Pictured above: Indigenous arctic youth at a group workshop for the Project CREATeS suicide prevention initiative.
By Sean O’Malley, Senior Media Relations Advisor
An online video project is adding new voices to the conversation about suicide prevention by featuring powerful first-person stories told by Indigenous youth from across the Arctic.
Project CREATeS (Circumpolar Resilience Engagement and Action Through Story), is a digital storytelling initiative co-led by CAMH through the Sustainable Development Working Group (SDWG) of the Arctic Council. It features over 30 videos made by Indigenous youth from member countries of the Arctic Council, including Canada, The United States, Finland and Greenland (an autonomous territory of the Kingdom of Denmark).
The Scientific Lead for Project CREATeS, CAMH psychiatrist Dr. Allison Crawford, said that despite an ongoing youth mental health crisis in the north that features suicide rates up to 60 times higher than the national average, the voices of Indigenous youth themselves have often been missing in the search for solutions.
“There actually has not been a lot of research into how youth in these northern Indigenous communities experience suicide,” said Dr. Crawford. “The SDWG has made a huge investment in advancing suicide prevention. Despite talking about doing all these things for youth, however, youth are often not engaged in a meaningful way. These stories are a beginning to important conversations and input from the people most impacted by suicide.”
The video vignettes were produced by Indigenous youth between the ages of 18 and 25, all impacted by suicide in their families and/ or communities.
“This kind of visual storytelling has an emotional resonance with the public that you don’t get from articles in a scientific journal,” said Dr. Crawford. “It pulls you in and connects you to these young people, their stories, their strengths, and the issues they struggle with.”
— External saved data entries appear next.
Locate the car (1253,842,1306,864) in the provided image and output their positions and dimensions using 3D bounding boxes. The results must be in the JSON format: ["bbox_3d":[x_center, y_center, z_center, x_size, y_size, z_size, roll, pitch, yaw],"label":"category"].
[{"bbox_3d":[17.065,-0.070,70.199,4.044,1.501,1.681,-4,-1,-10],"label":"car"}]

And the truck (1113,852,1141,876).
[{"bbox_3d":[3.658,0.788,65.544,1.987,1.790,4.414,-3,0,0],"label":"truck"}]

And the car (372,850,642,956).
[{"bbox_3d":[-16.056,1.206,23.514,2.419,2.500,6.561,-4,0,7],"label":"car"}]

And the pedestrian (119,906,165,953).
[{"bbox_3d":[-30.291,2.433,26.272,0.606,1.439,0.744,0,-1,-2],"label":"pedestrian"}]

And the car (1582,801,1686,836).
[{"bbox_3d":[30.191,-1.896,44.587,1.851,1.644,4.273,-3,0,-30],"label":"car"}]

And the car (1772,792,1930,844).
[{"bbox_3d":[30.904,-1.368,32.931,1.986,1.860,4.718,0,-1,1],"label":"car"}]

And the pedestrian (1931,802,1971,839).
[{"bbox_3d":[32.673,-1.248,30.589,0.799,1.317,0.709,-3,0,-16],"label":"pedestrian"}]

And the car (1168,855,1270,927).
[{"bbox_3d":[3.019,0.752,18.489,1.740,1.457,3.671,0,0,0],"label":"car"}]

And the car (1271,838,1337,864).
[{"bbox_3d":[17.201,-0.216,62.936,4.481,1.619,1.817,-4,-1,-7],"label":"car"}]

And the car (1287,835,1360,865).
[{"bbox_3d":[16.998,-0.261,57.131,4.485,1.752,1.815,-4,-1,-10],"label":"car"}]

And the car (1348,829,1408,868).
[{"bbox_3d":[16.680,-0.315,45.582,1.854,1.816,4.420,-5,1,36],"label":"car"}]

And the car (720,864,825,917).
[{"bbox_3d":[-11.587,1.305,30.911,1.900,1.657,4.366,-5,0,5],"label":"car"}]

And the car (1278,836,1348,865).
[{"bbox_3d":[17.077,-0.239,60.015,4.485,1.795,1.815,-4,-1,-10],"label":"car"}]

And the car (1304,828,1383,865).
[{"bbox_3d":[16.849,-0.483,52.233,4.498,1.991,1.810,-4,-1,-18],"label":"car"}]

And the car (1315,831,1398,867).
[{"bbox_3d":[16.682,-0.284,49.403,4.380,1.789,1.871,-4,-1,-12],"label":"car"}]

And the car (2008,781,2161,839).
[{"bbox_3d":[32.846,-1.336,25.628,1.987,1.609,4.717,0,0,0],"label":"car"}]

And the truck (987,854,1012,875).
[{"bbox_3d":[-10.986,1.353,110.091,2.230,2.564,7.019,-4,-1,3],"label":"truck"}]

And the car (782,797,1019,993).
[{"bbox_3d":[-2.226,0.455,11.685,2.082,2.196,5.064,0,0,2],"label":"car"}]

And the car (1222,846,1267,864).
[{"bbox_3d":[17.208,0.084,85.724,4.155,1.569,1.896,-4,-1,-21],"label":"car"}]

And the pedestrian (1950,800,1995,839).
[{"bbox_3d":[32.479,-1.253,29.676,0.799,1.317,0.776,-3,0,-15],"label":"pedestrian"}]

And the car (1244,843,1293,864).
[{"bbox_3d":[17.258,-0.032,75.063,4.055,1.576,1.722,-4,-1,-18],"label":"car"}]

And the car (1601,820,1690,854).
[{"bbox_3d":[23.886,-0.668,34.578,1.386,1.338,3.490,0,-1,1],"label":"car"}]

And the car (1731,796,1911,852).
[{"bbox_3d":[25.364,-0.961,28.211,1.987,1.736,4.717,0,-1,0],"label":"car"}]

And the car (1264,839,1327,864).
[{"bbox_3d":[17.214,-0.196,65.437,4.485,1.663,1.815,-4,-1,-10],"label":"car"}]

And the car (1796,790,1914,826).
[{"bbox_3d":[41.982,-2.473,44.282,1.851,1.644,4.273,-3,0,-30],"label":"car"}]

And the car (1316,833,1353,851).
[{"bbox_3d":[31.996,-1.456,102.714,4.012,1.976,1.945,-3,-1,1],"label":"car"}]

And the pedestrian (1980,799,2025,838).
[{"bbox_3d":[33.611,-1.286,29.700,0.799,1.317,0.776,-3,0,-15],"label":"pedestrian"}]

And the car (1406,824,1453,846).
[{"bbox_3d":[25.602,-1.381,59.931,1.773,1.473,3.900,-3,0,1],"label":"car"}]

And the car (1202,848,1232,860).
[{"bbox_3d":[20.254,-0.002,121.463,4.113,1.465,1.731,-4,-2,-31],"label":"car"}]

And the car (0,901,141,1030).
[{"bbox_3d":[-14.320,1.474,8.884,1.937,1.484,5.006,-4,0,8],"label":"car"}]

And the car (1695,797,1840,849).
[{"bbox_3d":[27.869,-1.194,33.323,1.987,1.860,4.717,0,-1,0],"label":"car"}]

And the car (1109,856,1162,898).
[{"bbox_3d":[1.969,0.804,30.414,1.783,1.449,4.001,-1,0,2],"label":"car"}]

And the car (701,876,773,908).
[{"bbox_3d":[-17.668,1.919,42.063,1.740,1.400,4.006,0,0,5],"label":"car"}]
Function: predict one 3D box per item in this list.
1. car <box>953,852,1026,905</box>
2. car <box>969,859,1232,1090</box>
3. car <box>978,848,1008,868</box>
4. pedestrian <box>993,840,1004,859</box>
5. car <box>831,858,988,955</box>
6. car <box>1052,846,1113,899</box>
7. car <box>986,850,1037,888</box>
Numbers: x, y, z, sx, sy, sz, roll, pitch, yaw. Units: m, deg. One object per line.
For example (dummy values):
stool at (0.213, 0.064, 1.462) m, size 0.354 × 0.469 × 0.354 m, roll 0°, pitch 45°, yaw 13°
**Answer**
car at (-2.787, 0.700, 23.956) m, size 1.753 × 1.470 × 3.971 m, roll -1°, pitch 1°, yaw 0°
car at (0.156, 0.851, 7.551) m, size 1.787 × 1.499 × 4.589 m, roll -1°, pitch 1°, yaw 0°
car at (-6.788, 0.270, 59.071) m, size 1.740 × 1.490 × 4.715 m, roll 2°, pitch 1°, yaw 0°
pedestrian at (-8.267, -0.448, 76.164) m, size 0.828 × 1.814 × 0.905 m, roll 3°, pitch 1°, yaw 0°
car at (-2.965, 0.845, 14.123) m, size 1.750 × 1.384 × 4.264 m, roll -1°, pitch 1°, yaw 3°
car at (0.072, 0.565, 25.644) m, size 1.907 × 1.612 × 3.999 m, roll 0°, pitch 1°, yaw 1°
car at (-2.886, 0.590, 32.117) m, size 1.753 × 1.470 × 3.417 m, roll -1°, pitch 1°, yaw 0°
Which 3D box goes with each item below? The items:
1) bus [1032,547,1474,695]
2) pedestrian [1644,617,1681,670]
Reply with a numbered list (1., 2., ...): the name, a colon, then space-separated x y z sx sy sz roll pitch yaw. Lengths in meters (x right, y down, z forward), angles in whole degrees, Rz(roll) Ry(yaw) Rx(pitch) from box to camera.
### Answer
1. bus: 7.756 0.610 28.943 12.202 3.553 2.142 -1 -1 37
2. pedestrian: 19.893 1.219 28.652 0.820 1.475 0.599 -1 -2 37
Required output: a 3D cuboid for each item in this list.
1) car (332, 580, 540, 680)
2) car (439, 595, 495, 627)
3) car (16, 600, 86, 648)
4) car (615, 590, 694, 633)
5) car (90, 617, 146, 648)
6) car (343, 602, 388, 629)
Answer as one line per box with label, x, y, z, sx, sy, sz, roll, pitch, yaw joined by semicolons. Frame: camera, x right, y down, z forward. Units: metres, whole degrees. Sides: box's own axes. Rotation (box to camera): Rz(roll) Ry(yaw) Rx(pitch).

People like Ooka Calvin from Kuujjuaraapik in Nunavik (northern Quebec), who titled her story Children, My Hope for the Future.
“When I start to question the purpose of life, I think about all of my babies, and I realize that a whole team surrounds me to help deliver life’s meaning,” she says. “My way of coping with overwhelming amounts of stress and sadness is to go out on our land to smell, feel, and listen to the waves of the water, the wind, and the creatures that inhabit them.”
Or Simon Coady, an Inuk currently living in Ottawa. “What do we find when we’re lost? Ourselves! Know your worth. It’s all a balancing act,” Cody states in a video titled Street Smarts. “Juggling inner peace and anxiety, wrestling self-identity, dealing with life’s discrepancies—just a bittersweet moment to remind you that you’re still alive.” Calvin and Coady are youth who were recruited to the project by the Inuit Circumpolar Council, a Permanent Participant on the Arctic Council, and a co-Lead of Project CREATeS with the SDWG.
Dr. Crawford says one of the most satisfying aspects of the project for the youth who participated was the opportunity to bond with Indigenous youth from other countries.
“They all valued the opportunity to tell their stories, but the connection and feeling of solidarity with each other was just as meaningful for them.” Project CREATeS advances the continued development of this youth network.
Dr. Crawford said that suicide prevention in Arctic Indigenous communities was a top priority when Canada took its turn as Chair of the Arctic Council in 2014, and remained prominent through the US and Finland Chairmanships; the hope is that this project keeps the issue at the forefront through Iceland’s current Chairmanship.
“We want these stories to be viewed not just by other youth but by policy makers as well.”